Rake tasks are nice! But you will end up writing more custom code for each background job you add. Check out the Delayed Job plugin http://blog.leetsoft.com/2008/2/17/delayed-job-dj
DJ is an asynchronous priority queue that relies on one simple database table. According to the DJ website you can create a job using Delayed::Job.enqueue() method shown below.
class NewsletterJob < Struct.new(:text, :emails)
def perform
emails.each { |e| NewsletterMailer.deliver_text_to_email(text, e) }
end
end
Delayed::Job.enqueue( NewsletterJob.new("blah blah", Customers.find(:all).collect(&:email)) )
I was once part of a team that wrote a custom ad server, which has the same requirements: monitor the number of hits per document, and do something once they reach a certain threshold. This server was going to be powering an existing very large site with a lot of traffic, and scalability was a real concern. My company hired two Doubleclick consultants to pick their brains.
Their opinion was: The fastest way to persist any information is to write it in a custom Apache log directive. So we built a site where every time someone would hit a document (ad, page, all the same), the server that handled the request would write a SQL statement to the log: "INSERT INTO impressions (timestamp, page, ip, etc) VALUES (x, 'path/to/doc', y, etc);" -- all output dynamically with data from the webserver. Every 5 minutes, we would gather these files from the web servers, and then dump them all in the master database one at a time. Then, at our leisure, we could parse that data to do anything we well pleased with it.

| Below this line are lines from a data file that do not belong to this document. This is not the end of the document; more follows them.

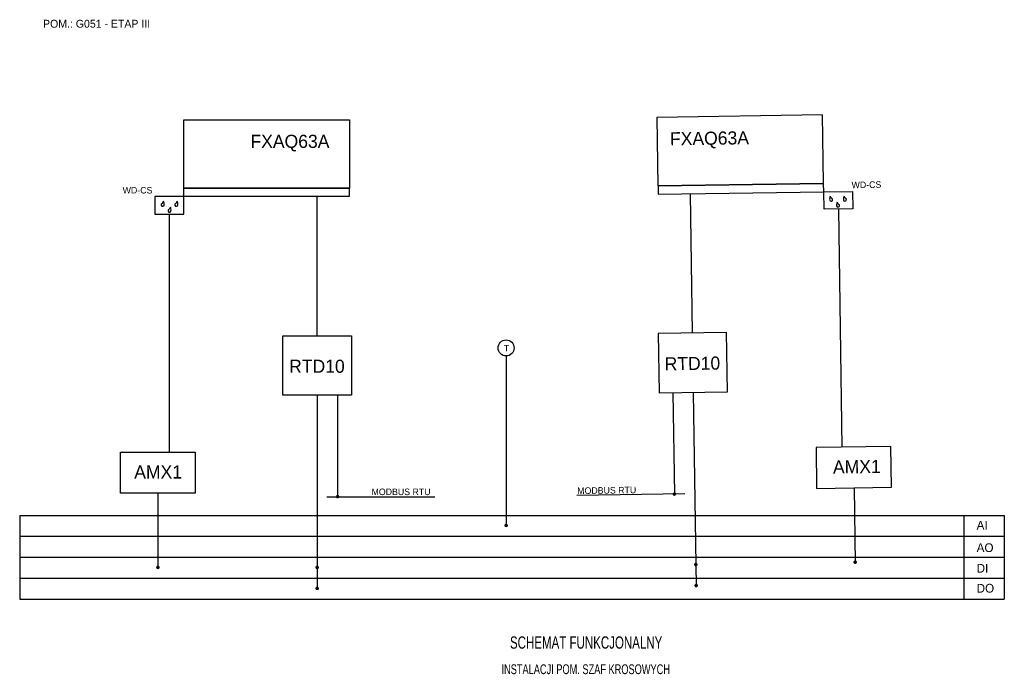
# Model space of a CAD drawing. Extents: x 14 to 294, y 3 to 190.
import ezdxf
from ezdxf.enums import TextEntityAlignment as Align

# ---------------------------------------------------------------- set-up
doc = ezdxf.new("R2010")
doc.units = 0
doc.header["$LTSCALE"] = 12
doc.header["$MEASUREMENT"] = 0
doc.linetypes.add('DASHDOT', pattern=[1, 0.5, -0.25, 0, -0.25])
doc.linetypes.add('SOLID', pattern=[0])
for name, color, linetype in [('KONTUR', 7, 'CONTINUOUS'), ('OPISY', 3, 'CONTINUOUS'), ('OSIE', 2, 'DASHDOT'), ('WYMIARY', 1, 'CONTINUOUS')]:
    doc.layers.add(name, color=color, linetype=linetype)
doc.styles.add('POLSKIS', font='POLSKIS')

msp = doc.modelspace()

# ---------------------------------------------------------------- linework, layer by layer
at = {"layer": 'KONTUR'}
for p, q in [((13.95, 48.7), (293.93, 48.7)), ((293.93, 48.7), (293.93, 24.82)), ((13.95, 42.73), (293.93, 42.73)), ((13.95, 36.76), (293.93, 36.76)), ((13.95, 30.79), (293.93, 30.79)), ((13.95, 24.82), (293.93, 24.82))]:
    msp.add_line(p, q, dxfattribs=at)
at = {"layer": 'KONTUR', "linetype": 'Continuous'}
msp.add_line((282.39, 48.74), (282.39, 24.8), dxfattribs=at)
at = {"layer": 'KONTUR', "linetype": 'SOLID'}
for points in [[(242.26, 162.56), (195.09, 161.85), (195.38, 142.4), (242.55, 143.1)], [(60.59, 161.2), (107.76, 161.2), (107.76, 141.74), (60.59, 141.74)], [(242.55, 143.1), (195.46, 142.4), (195.5, 139.99), (242.58, 140.69)], [(60.59, 141.74), (107.68, 141.74), (107.68, 139.33), (60.59, 139.33)], [(242.58, 140.69), (250.77, 140.81), (250.84, 135.86), (242.66, 135.74)], [(60.59, 139.33), (52.4, 139.33), (52.4, 134.37), (60.59, 134.37)], [(88.79, 99.75), (108.27, 99.75), (108.27, 82.85), (88.79, 82.85)], [(214.98, 100.7), (195.5, 100.4), (195.75, 83.51), (215.23, 83.8)], [(261.65, 68.29), (240.39, 67.98), (240.57, 56.37), (261.83, 56.68)], [(42.6, 66.65), (63.86, 66.65), (63.86, 55.04), (42.6, 55.04)]]:
    msp.add_lwpolyline(points, close=True, dxfattribs=at)
at = {"layer": 'KONTUR', "color": 1, "const_width": 0.5}
for points in [[(104.09, 54.01, 1), (104.59, 54.01, 1)], [(200.37, 54.74, -1), (199.87, 54.73, -1)], [(152.02, 45.83, 1), (152.52, 45.83, 1)], [(52.99, 33.89, 1), (53.49, 33.89, 1)], [(98.28, 33.89, 1), (98.78, 33.89, 1)], [(206.47, 34.7, -1), (205.97, 34.7, -1)], [(251.76, 35.38, -1), (251.26, 35.38, -1)], [(98.28, 27.92, 1), (98.78, 27.92, 1)], [(206.56, 28.73, -1), (206.06, 28.73, -1)]]:
    msp.add_lwpolyline(points, format="xyb", close=True, dxfattribs=at)
at = {"layer": 'KONTUR', "linetype": 'SOLID'}
for centre, radius, start, end in [((54.6, 137.03), 0.424, 125.8724, 353.4308), ((53.56, 138.46), 1.35, 305.8724, 341.8697), ((53.08, 137.2), 1.95, 353.4308, 25.6448), ((58.49, 137.03), 0.424, 125.8724, 353.4308), ((57.46, 138.46), 1.35, 305.8724, 341.8697), ((56.98, 137.2), 1.95, 353.4308, 25.6448), ((246.22, 138.62), 1.95, 155.2135, 187.4275), ((244.71, 138.42), 0.424, 187.4275, 54.9858), ((245.73, 139.87), 1.35, 198.9885, 234.9858), ((248.19, 136.94), 1.95, 155.2135, 187.4275), ((247.7, 138.2), 1.35, 198.9885, 234.9858), ((250.12, 138.68), 1.95, 155.2135, 187.4275), ((248.61, 138.48), 0.424, 187.4275, 54.9858), ((249.62, 139.93), 1.35, 198.9885, 234.9858), ((56.54, 135.32), 0.424, 125.8724, 353.4308), ((55.51, 136.76), 1.35, 305.8724, 341.8697), ((55.03, 135.5), 1.95, 353.4308, 25.6448), ((246.68, 136.75), 0.424, 187.4275, 54.9858)]:
    msp.add_arc(centre, radius, start, end, dxfattribs=at)
at = {"layer": 'OSIE', "color": 7, "linetype": 'Continuous'}
msp.add_circle((152.27, 96.29), 2.28, dxfattribs=at)
at = {"layer": 'WYMIARY', "color": 215, "linetype": 'SOLID', "true_color": 0xa953a0}
for p, q in [((205.24, 100.55), (204.65, 140.12)), ((98.53, 99.75), (98.53, 139.33))]:
    msp.add_line(p, q, dxfattribs=at)
at = {"layer": 'WYMIARY', "linetype": 'SOLID'}
for p, q in [((246.75, 135.8), (247.76, 68.09)), ((56.49, 134.37), (56.49, 66.65)), ((98.53, 82.85), (98.53, 27.7)), ((104.33, 82.85), (104.33, 54)), ((199.69, 83.57), (200.12, 54.72)), ((205.49, 83.65), (206.32, 28.51)), ((251.2, 56.52), (251.52, 35.13)), ((53.23, 55.04), (53.23, 33.65))]:
    msp.add_line(p, q, dxfattribs=at)
at = {"layer": 'WYMIARY', "linetype": 'Continuous'}
msp.add_line((152.27, 94.01), (152.27, 45.82), dxfattribs=at)
at = {"layer": 'WYMIARY', "color": 114, "linetype": 'SOLID', "true_color": 0x139b48}
for p, q in [((101.33, 54), (132.03, 54)), ((203.13, 54.77), (172.42, 54.31))]:
    msp.add_line(p, q, dxfattribs=at)
at = {"layer": 'WYMIARY'}
for p, q in [((13.95, 48.7), (13.95, 42.73)), ((13.95, 42.73), (13.95, 36.76)), ((13.95, 36.76), (13.95, 30.79)), ((13.95, 30.79), (13.95, 24.82))]:
    msp.add_line(p, q, dxfattribs=at)

# ---------------------------------------------------------------- texts
at = {"layer": 'KONTUR', "style": 'POLSKIS'}
msp.add_text('POM.: G051 - ETAP III', height=2.2388, dxfattribs=at).set_placement((20.59, 187.37))
at = {"layer": 'KONTUR', "color": 4, "style": 'POLSKIS'}
for s, p in [('FXAQ63A', (79.56, 153.19)), ('RTD10', (90.57, 89.23)), ('AMX1', (46.52, 59.17))]:
    msp.add_text(s, height=3.731, dxfattribs=at).set_placement(p)
for s, p in [('FXAQ63A', (198.89, 153.9)), ('RTD10', (197.37, 89.91)), ('AMX1', (245.23, 60.56))]:
    msp.add_text(s, height=3.731, rotation=0.8582, dxfattribs=at).set_placement(p)
at = {"layer": 'KONTUR', "color": 3, "style": 'POLSKIS'}
for s, p in [('WD-CS', (250.51, 141.71)), ('MODBUS RTU', (172.5, 54.75))]:
    msp.add_text(s, height=1.866, rotation=0.8582, dxfattribs=at).set_placement(p)
for s, height, p in [('WD-CS', 1.866, (43.23, 140.22)), ('T', 1.87, (151.62, 95.31)), ('MODBUS RTU', 1.866, (114, 54.45))]:
    msp.add_text(s, height=height, dxfattribs=at).set_placement(p)
at = {"layer": 'OPISY', "style": 'POLSKIS'}
for s, p in [('AI', (286.06, 44.63)), ('AO', (286.06, 38.26)), ('DI', (286.06, 32.41)), ('DO', (286.06, 26.72))]:
    msp.add_text(s, height=2.487, dxfattribs=at).set_placement(p)
at = {"layer": 'OPISY', "color": 4, "style": 'POLSKIS', "width": 0.7}
for s, height, p in [('SCHEMAT FUNKCJONALNY', 3.5, (175.02, 10.78)), ('INSTALACJI POM. SZAF KROSOWYCH', 2.8, (174.91, 3.54))]:
    msp.add_text(s, height=height, dxfattribs=at).set_placement(p, align=Align.CENTER)

doc.saveas('drawing.dxf')

Depending on your exact requirements and deployment setup, you could do something similar. The computational requirement to check if you're past a certain threshold is still probably even smaller (guessing here) than executing the SQL to increment a value or insert a row. You could get rid of both bits of overhead by logging hits (special format or not), and then periodically gather them, parse them, input them to the database, and do whatever you want with them.
When saving your Hit model, update a redundant column in your Page model that stores a running total of hits, this costs you 2 extra queries, so maybe each hit takes twice as long to process, but you can decide if you need to send the email with a simple if.
Your original solution isn't bad either.
I have to write something here so that stackoverflow code-highlights the first line.
class ApplicationController < ActionController::Base
before_filter :increment_fancy_counter
private
def increment_fancy_counter
# somehow increment the counter here
end
end
# lib/tasks/fancy_counter.rake
namespace :fancy_counter do
task :process do
# somehow process the counter here
end
end
Have a cron job run rake fancy_counter:process however often you want it to run.